Commissions increased $1.6 million to $6.3 million in the first quarter of 2004, compared to $4.7 million in the first quarter of 2003. In the first quarter of 2003, the Company was not required to pay commissions on USAF missions flown during the Civil Reserve Air Fleet (“CRAF”) activation.

Subcontract flying costs increased $1.4 million in the first quarter of 2004. The increase was due to outsourced flights resulting from aircraft out of service for maintenance.

Sales, general and administrative expenses increased $1.5 million, or 16.5%, to $10.3 million in the first quarter of 2004 compared to $8.8 million in the same quarter of 2003. The increase was primarily due to:

    $0.8 million of bad debt expense associated with air services provided to TM Travel Services, Inc. (“TM Travel”) (see Note 7 of “Notes to the Condensed Consolidated Financial Statements”); and

    $0.6 million higher wages and benefits due to:

    July 2003 salary increases;
 
    increased headcount;
 
    a worker’s compensation accrual adjustment; and
 
    higher profit sharing accrual for the 2004 period.

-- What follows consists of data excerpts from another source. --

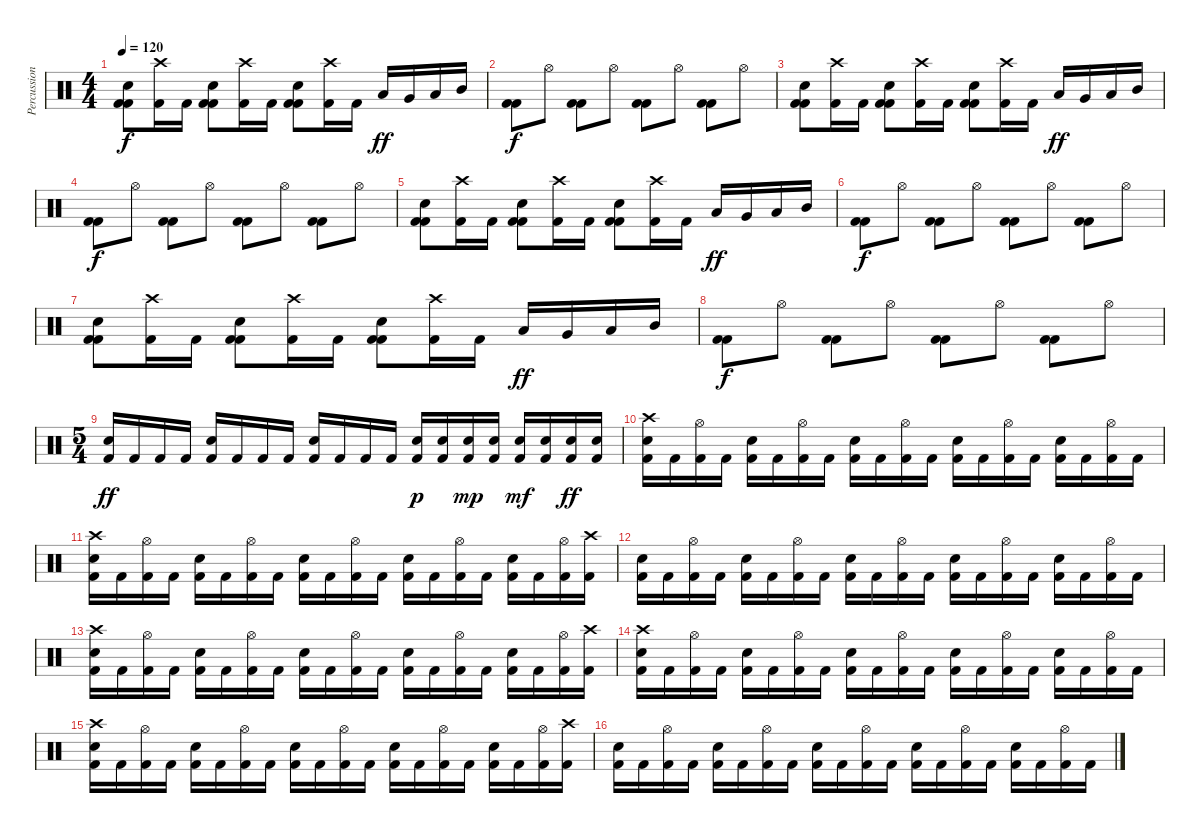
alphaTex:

\track ("Percussioni" "Percussion") {instrument percussion}
\staff {score}
\articulation defaults
\ts (4 4)
\tempo 120
\clef neutral
\ks c
("Kick (hit) 2" "Kick (hit) 2" "Electric Snare (hit)").8{dy f} ("Kick (hit) 2" "Crash high (hit)").16 "Kick (hit) 2".16 ("Kick (hit) 2" "Kick (hit) 2" "Electric Snare (hit)").8 ("Kick (hit) 2" "Crash high (hit)").16 "Kick (hit) 2".16 ("Kick (hit) 2" "Kick (hit) 2" "Electric Snare (hit)").8 ("Kick (hit) 2" "Crash high (hit)").16 "Kick (hit) 2".16 "Low Floor Tom (hit)".16{dy ff} "Very Low Tom (hit)".16 "Low Tom (hit)".16 "Mid Tom (hit)".16 |
("Kick (hit) 2" "Kick (hit) 2").8{dy f} "Hi-Hat (open)".8 ("Kick (hit) 2" "Kick (hit) 2").8 "Hi-Hat (open)".8 ("Kick (hit) 2" "Kick (hit) 2").8 "Hi-Hat (open)".8 ("Kick (hit) 2" "Kick (hit) 2").8 "Hi-Hat (open)".8 |
("Kick (hit) 2" "Kick (hit) 2" "Electric Snare (hit)").8 ("Kick (hit) 2" "Crash high (hit)").16 "Kick (hit) 2".16 ("Kick (hit) 2" "Kick (hit) 2" "Electric Snare (hit)").8 ("Kick (hit) 2" "Crash high (hit)").16 "Kick (hit) 2".16 ("Kick (hit) 2" "Kick (hit) 2" "Electric Snare (hit)").8 ("Kick (hit) 2" "Crash high (hit)").16 "Kick (hit) 2".16 "Low Floor Tom (hit)".16{dy ff} "Very Low Tom (hit)".16 "Low Tom (hit)".16 "Mid Tom (hit)".16 |
("Kick (hit) 2" "Kick (hit) 2").8{dy f} "Hi-Hat (open)".8 ("Kick (hit) 2" "Kick (hit) 2").8 "Hi-Hat (open)".8 ("Kick (hit) 2" "Kick (hit) 2").8 "Hi-Hat (open)".8 ("Kick (hit) 2" "Kick (hit) 2").8 "Hi-Hat (open)".8 |
("Kick (hit) 2" "Kick (hit) 2" "Electric Snare (hit)").8 ("Kick (hit) 2" "Crash high (hit)").16 "Kick (hit) 2".16 ("Kick (hit) 2" "Kick (hit) 2" "Electric Snare (hit)").8 ("Kick (hit) 2" "Crash high (hit)").16 "Kick (hit) 2".16 ("Kick (hit) 2" "Kick (hit) 2" "Electric Snare (hit)").8 ("Kick (hit) 2" "Crash high (hit)").16 "Kick (hit) 2".16 "Low Floor Tom (hit)".16{dy ff} "Very Low Tom (hit)".16 "Low Tom (hit)".16 "Mid Tom (hit)".16 |
("Kick (hit) 2" "Kick (hit) 2").8{dy f} "Hi-Hat (open)".8 ("Kick (hit) 2" "Kick (hit) 2").8 "Hi-Hat (open)".8 ("Kick (hit) 2" "Kick (hit) 2").8 "Hi-Hat (open)".8 ("Kick (hit) 2" "Kick (hit) 2").8 "Hi-Hat (open)".8 |
("Kick (hit) 2" "Kick (hit) 2" "Electric Snare (hit)").8 ("Kick (hit) 2" "Crash high (hit)").16 "Kick (hit) 2".16 ("Kick (hit) 2" "Kick (hit) 2" "Electric Snare (hit)").8 ("Kick (hit) 2" "Crash high (hit)").16 "Kick (hit) 2".16 ("Kick (hit) 2" "Kick (hit) 2" "Electric Snare (hit)").8 ("Kick (hit) 2" "Crash high (hit)").16 "Kick (hit) 2".16 "Low Floor Tom (hit)".16{dy ff} "Very Low Tom (hit)".16 "Low Tom (hit)".16 "Mid Tom (hit)".16 |
("Kick (hit) 2" "Kick (hit) 2").8{dy f} "Hi-Hat (open)".8 ("Kick (hit) 2" "Kick (hit) 2").8 "Hi-Hat (open)".8 ("Kick (hit) 2" "Kick (hit) 2").8 "Hi-Hat (open)".8 ("Kick (hit) 2" "Kick (hit) 2").8 "Hi-Hat (open)".8 |
\ts (5 4)
("Kick (hit) 2" "Electric Snare (hit)").16{dy ff} "Kick (hit) 2".16 "Kick (hit) 2".16 "Kick (hit) 2".16 ("Kick (hit) 2" "Electric Snare (hit)").16 "Kick (hit) 2".16 "Kick (hit) 2".16 "Kick (hit) 2".16 ("Kick (hit) 2" "Electric Snare (hit)").16 "Kick (hit) 2".16 "Kick (hit) 2".16 "Kick (hit) 2".16 ("Kick (hit) 2" "Electric Snare (hit)").16{dy p} ("Kick (hit) 2" "Electric Snare (hit)").16 ("Kick (hit) 2" "Electric Snare (hit)").16{dy mp} ("Kick (hit) 2" "Electric Snare (hit)").16 ("Kick (hit) 2" "Electric Snare (hit)").16{dy mf} ("Kick (hit) 2" "Electric Snare (hit)").16 ("Kick (hit) 2" "Electric Snare (hit)").16{dy ff} ("Kick (hit) 2" "Electric Snare (hit)").16 |
("Kick (hit) 2" "Crash high (hit)" "Electric Snare (hit)").16 "Kick (hit) 2".16 ("Kick (hit) 2" "Hi-Hat (open)").16 "Kick (hit) 2".16 ("Kick (hit) 2" "Electric Snare (hit)").16 "Kick (hit) 2".16 ("Kick (hit) 2" "Hi-Hat (open)").16 "Kick (hit) 2".16 ("Kick (hit) 2" "Electric Snare (hit)").16 "Kick (hit) 2".16 ("Kick (hit) 2" "Hi-Hat (open)").16 "Kick (hit) 2".16 ("Kick (hit) 2" "Electric Snare (hit)").16 "Kick (hit) 2".16 ("Kick (hit) 2" "Hi-Hat (open)").16 "Kick (hit) 2".16 ("Kick (hit) 2" "Electric Snare (hit)").16 "Kick (hit) 2".16 ("Kick (hit) 2" "Hi-Hat (open)").16 "Kick (hit) 2".16 |
("Kick (hit) 2" "Crash high (hit)" "Electric Snare (hit)").16 "Kick (hit) 2".16 ("Kick (hit) 2" "Hi-Hat (open)").16 "Kick (hit) 2".16 ("Kick (hit) 2" "Electric Snare (hit)").16 "Kick (hit) 2".16 ("Kick (hit) 2" "Hi-Hat (open)").16 "Kick (hit) 2".16 ("Kick (hit) 2" "Electric Snare (hit)").16 "Kick (hit) 2".16 ("Kick (hit) 2" "Hi-Hat (open)").16 "Kick (hit) 2".16 ("Kick (hit) 2" "Electric Snare (hit)").16 "Kick (hit) 2".16 ("Kick (hit) 2" "Hi-Hat (open)").16 "Kick (hit) 2".16 ("Kick (hit) 2" "Electric Snare (hit)").16 "Kick (hit) 2".16 ("Kick (hit) 2" "Hi-Hat (open)").16 ("Kick (hit) 2" "Crash high (hit)").16 |
("Kick (hit) 2" "Electric Snare (hit)").16 "Kick (hit) 2".16 ("Kick (hit) 2" "Hi-Hat (open)").16 "Kick (hit) 2".16 ("Kick (hit) 2" "Electric Snare (hit)").16 "Kick (hit) 2".16 ("Kick (hit) 2" "Hi-Hat (open)").16 "Kick (hit) 2".16 ("Kick (hit) 2" "Electric Snare (hit)").16 "Kick (hit) 2".16 ("Kick (hit) 2" "Hi-Hat (open)").16 "Kick (hit) 2".16 ("Kick (hit) 2" "Electric Snare (hit)").16 "Kick (hit) 2".16 ("Kick (hit) 2" "Hi-Hat (open)").16 "Kick (hit) 2".16 ("Kick (hit) 2" "Electric Snare (hit)").16 "Kick (hit) 2".16 ("Kick (hit) 2" "Hi-Hat (open)").16 "Kick (hit) 2".16 |
("Kick (hit) 2" "Crash high (hit)" "Electric Snare (hit)").16 "Kick (hit) 2".16 ("Kick (hit) 2" "Hi-Hat (open)").16 "Kick (hit) 2".16 ("Kick (hit) 2" "Electric Snare (hit)").16 "Kick (hit) 2".16 ("Kick (hit) 2" "Hi-Hat (open)").16 "Kick (hit) 2".16 ("Kick (hit) 2" "Electric Snare (hit)").16 "Kick (hit) 2".16 ("Kick (hit) 2" "Hi-Hat (open)").16 "Kick (hit) 2".16 ("Kick (hit) 2" "Electric Snare (hit)").16 "Kick (hit) 2".16 ("Kick (hit) 2" "Hi-Hat (open)").16 "Kick (hit) 2".16 ("Kick (hit) 2" "Electric Snare (hit)").16 "Kick (hit) 2".16 ("Kick (hit) 2" "Hi-Hat (open)").16 ("Kick (hit) 2" "Crash high (hit)").16 |
("Kick (hit) 2" "Crash high (hit)" "Electric Snare (hit)").16 "Kick (hit) 2".16 ("Kick (hit) 2" "Hi-Hat (open)").16 "Kick (hit) 2".16 ("Kick (hit) 2" "Electric Snare (hit)").16 "Kick (hit) 2".16 ("Kick (hit) 2" "Hi-Hat (open)").16 "Kick (hit) 2".16 ("Kick (hit) 2" "Electric Snare (hit)").16 "Kick (hit) 2".16 ("Kick (hit) 2" "Hi-Hat (open)").16 "Kick (hit) 2".16 ("Kick (hit) 2" "Electric Snare (hit)").16 "Kick (hit) 2".16 ("Kick (hit) 2" "Hi-Hat (open)").16 "Kick (hit) 2".16 ("Kick (hit) 2" "Electric Snare (hit)").16 "Kick (hit) 2".16 ("Kick (hit) 2" "Hi-Hat (open)").16 "Kick (hit) 2".16 |
("Kick (hit) 2" "Crash high (hit)" "Electric Snare (hit)").16 "Kick (hit) 2".16 ("Kick (hit) 2" "Hi-Hat (open)").16 "Kick (hit) 2".16 ("Kick (hit) 2" "Electric Snare (hit)").16 "Kick (hit) 2".16 ("Kick (hit) 2" "Hi-Hat (open)").16 "Kick (hit) 2".16 ("Kick (hit) 2" "Electric Snare (hit)").16 "Kick (hit) 2".16 ("Kick (hit) 2" "Hi-Hat (open)").16 "Kick (hit) 2".16 ("Kick (hit) 2" "Electric Snare (hit)").16 "Kick (hit) 2".16 ("Kick (hit) 2" "Hi-Hat (open)").16 "Kick (hit) 2".16 ("Kick (hit) 2" "Electric Snare (hit)").16 "Kick (hit) 2".16 ("Kick (hit) 2" "Hi-Hat (open)").16 ("Kick (hit) 2" "Crash high (hit)").16 |
("Kick (hit) 2" "Electric Snare (hit)").16 "Kick (hit) 2".16 ("Kick (hit) 2" "Hi-Hat (open)").16 "Kick (hit) 2".16 ("Kick (hit) 2" "Electric Snare (hit)").16 "Kick (hit) 2".16 ("Kick (hit) 2" "Hi-Hat (open)").16 "Kick (hit) 2".16 ("Kick (hit) 2" "Electric Snare (hit)").16 "Kick (hit) 2".16 ("Kick (hit) 2" "Hi-Hat (open)").16 "Kick (hit) 2".16 ("Kick (hit) 2" "Electric Snare (hit)").16 "Kick (hit) 2".16 ("Kick (hit) 2" "Hi-Hat (open)").16 "Kick (hit) 2".16 ("Kick (hit) 2" "Electric Snare (hit)").16 "Kick (hit) 2".16 ("Kick (hit) 2" "Hi-Hat (open)").16 "Kick (hit) 2".16

The Company recorded $3.7 million of income tax expense in the first quarter of 2004. The Company utilized all of its unrestricted federal net operating loss carry-forwards in 2003. The Company’s estimated annual effective tax rate for the three months ended March 31, 2004, was 32%. This effective rate differs from statutory rates due primarily to use of deferred tax assets that were previously offset with a valuation allowance.

LIQUIDITY AND CAPITAL RESOURCES

The Company is highly leveraged. At March 31, 2004, the Company’s current assets were $90.8 million and its current liabilities were $75.5 million. The ratio of the Company’s current assets to its current liabilities (“current ratio”) was 1.2:1. The March 31, 2004 cash balance included $4.7 million of restricted cash, which consisted of $3.7 million as collateral for letters of credit and $1.0 million of prepayments from customers for flights which are scheduled to be flown within 30 days of the balance sheet date. A letter of credit, totaling $1.0 million, was issued on behalf of TM Travel and provided to an insurance company to support two surety bonds issued to the Department of Transportation (“DOT”) and the State of Hawaii. The DOT advised the Company that it was not going to renew TM Travel’s public charter prospectus beyond May 2, 2004. The surety bonds were necessary for TM Travel to qualify as a public charter operator. These bonds are currently subject to any passenger refunds not paid by TM Travel, and will terminate in the first half of July 2004. See Note 7 of “Notes to the Condensed Consolidated Financial Statements”.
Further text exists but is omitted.